Information given:
+===+

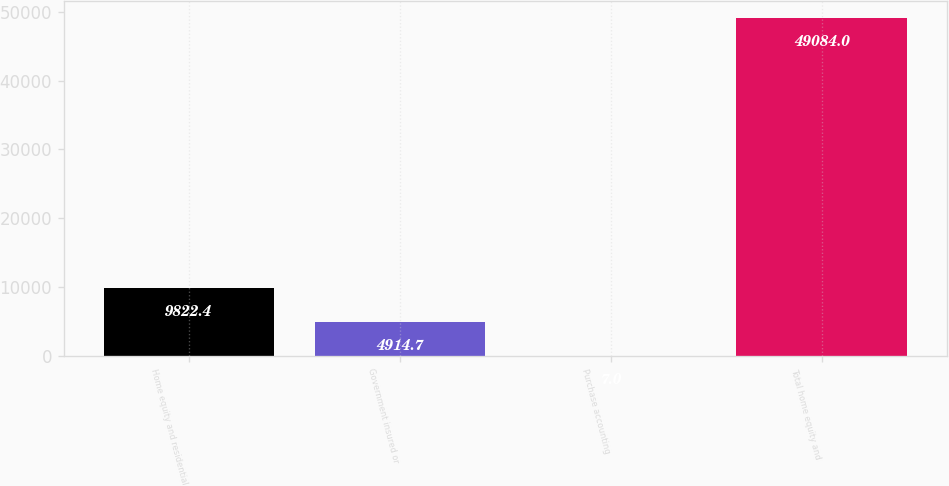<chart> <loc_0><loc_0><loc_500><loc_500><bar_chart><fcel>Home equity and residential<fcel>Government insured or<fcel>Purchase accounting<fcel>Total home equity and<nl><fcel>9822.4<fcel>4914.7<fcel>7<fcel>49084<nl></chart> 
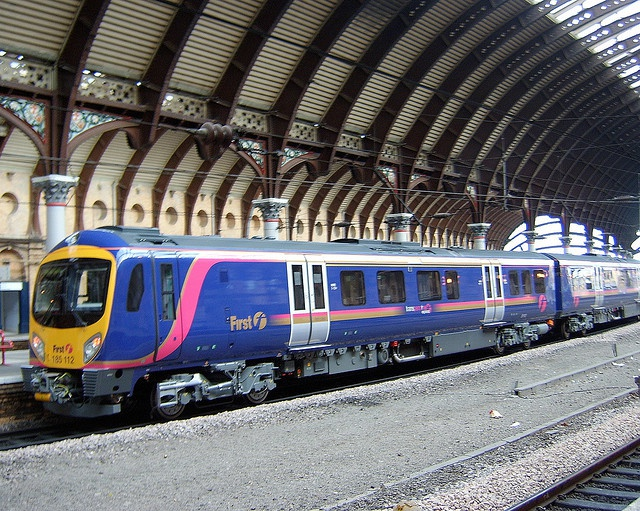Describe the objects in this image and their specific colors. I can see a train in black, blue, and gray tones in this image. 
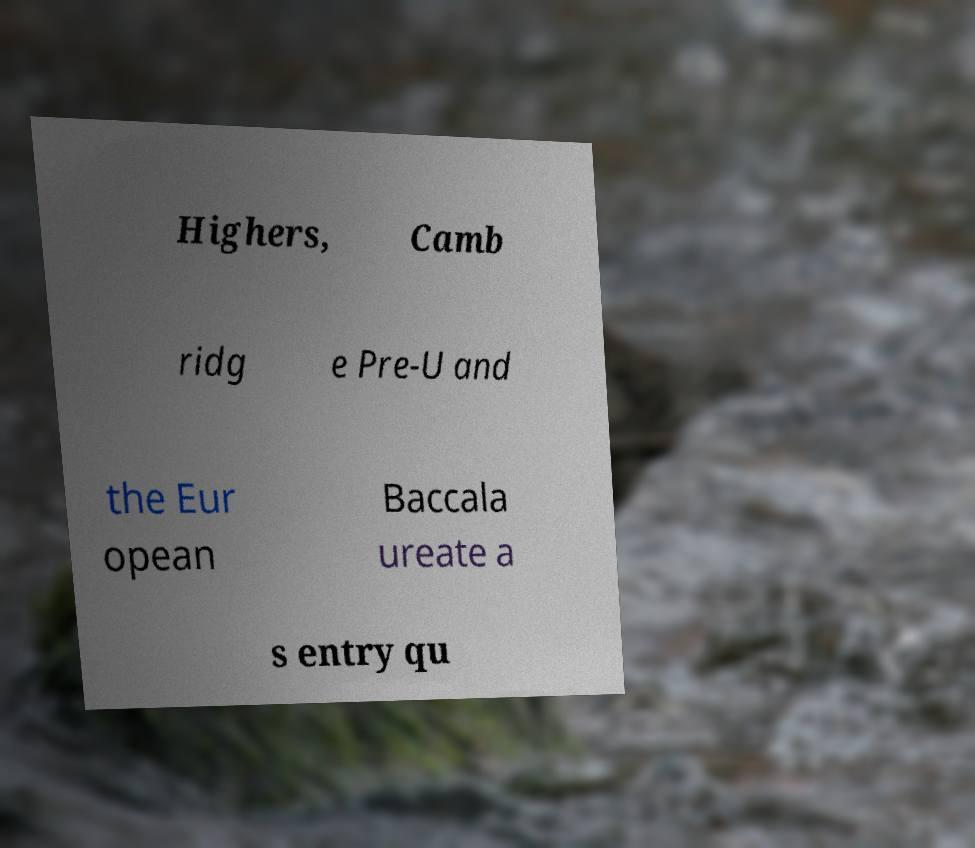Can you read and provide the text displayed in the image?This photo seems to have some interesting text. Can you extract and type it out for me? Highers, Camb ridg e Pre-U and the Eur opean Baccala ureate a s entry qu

+===+

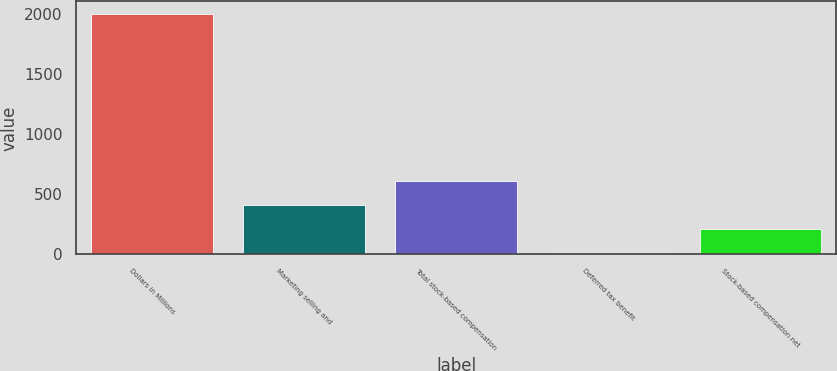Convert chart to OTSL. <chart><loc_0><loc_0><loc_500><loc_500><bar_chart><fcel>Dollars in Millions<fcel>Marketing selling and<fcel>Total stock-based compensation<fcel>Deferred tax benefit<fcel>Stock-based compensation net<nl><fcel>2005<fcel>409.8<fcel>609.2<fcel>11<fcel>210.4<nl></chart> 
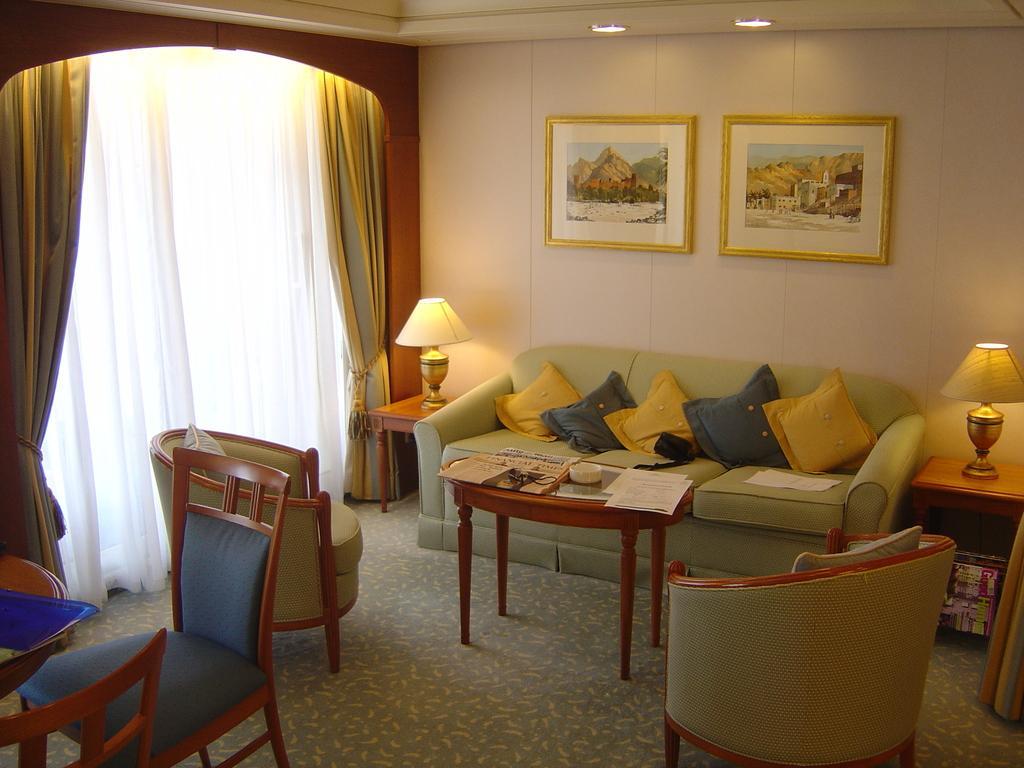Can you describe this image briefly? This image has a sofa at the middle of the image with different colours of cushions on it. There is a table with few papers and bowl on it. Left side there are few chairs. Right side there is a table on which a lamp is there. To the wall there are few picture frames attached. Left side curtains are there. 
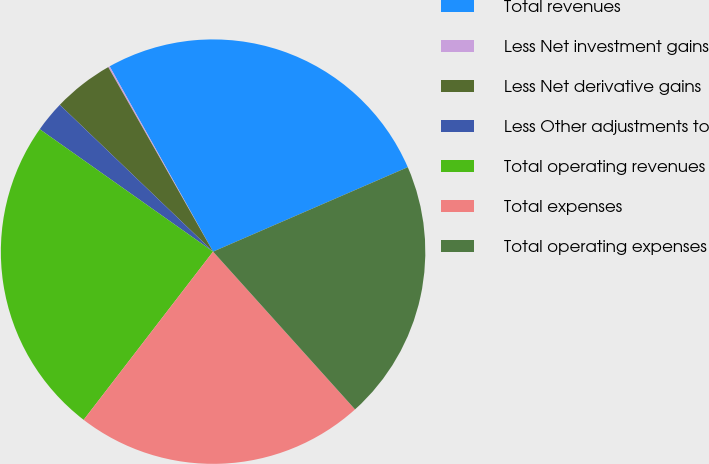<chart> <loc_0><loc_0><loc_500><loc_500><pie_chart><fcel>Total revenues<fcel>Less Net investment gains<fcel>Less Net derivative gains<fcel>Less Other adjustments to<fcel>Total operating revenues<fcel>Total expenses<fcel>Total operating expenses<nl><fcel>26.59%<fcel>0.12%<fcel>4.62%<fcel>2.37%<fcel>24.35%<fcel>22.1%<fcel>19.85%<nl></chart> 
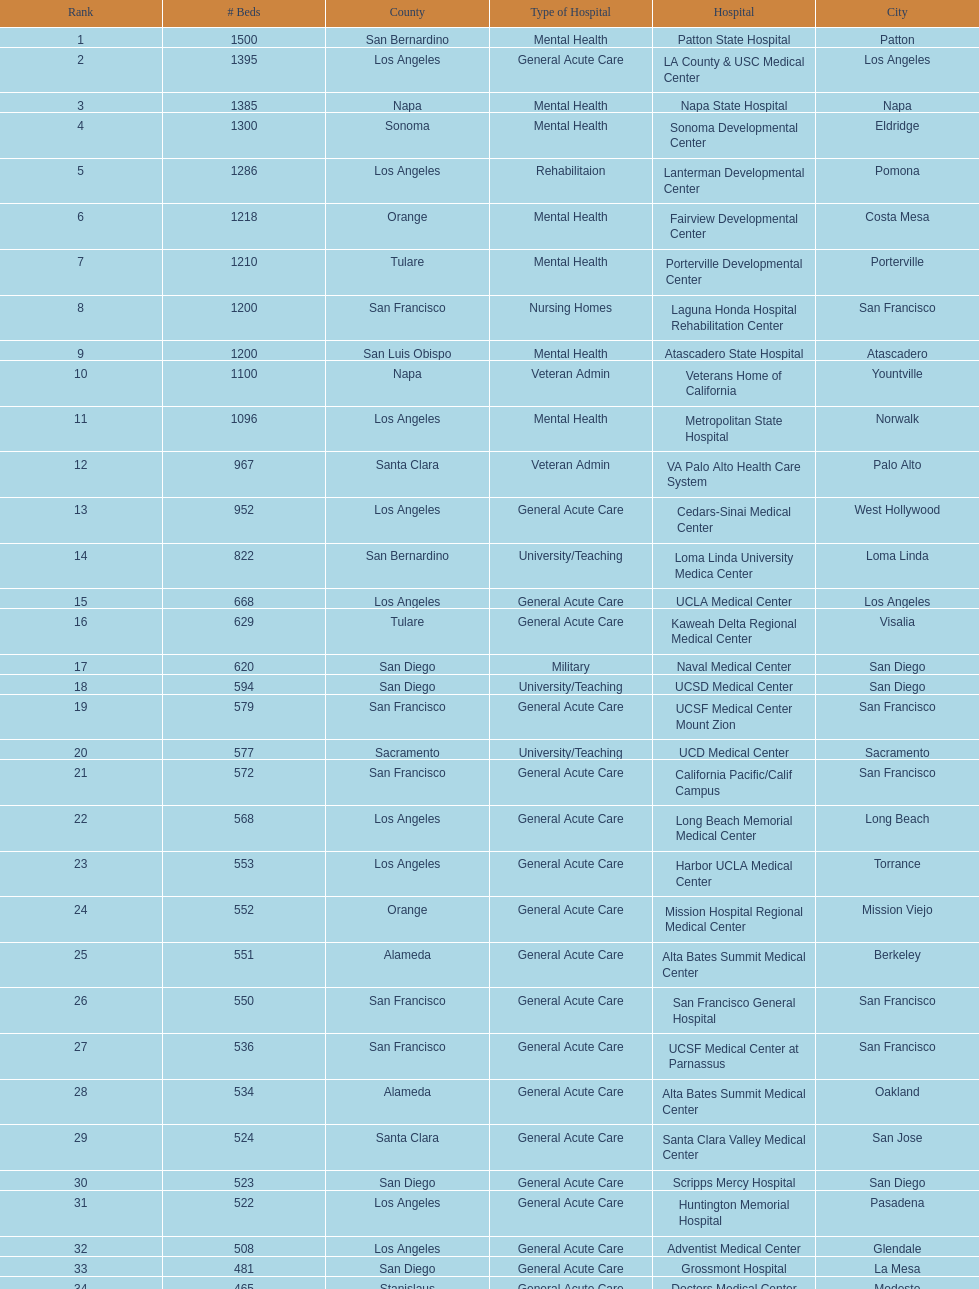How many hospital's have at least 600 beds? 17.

+===+

Work item: Take the lines above starting at the one containing "Describe the objects" and ending at the one containing "Can you read", and print them again exactly, without pictures.

Task result:
Describe the objects in this image and their specific colors. I can see a train in black, blue, and gray tones in this image. 
Can you read and provide the text displayed in the image?This photo seems to have some interesting text. Can you extract and type it out for me? Highers, Camb ridg e Pre-U and the Eur opean Baccala ureate a s entry qu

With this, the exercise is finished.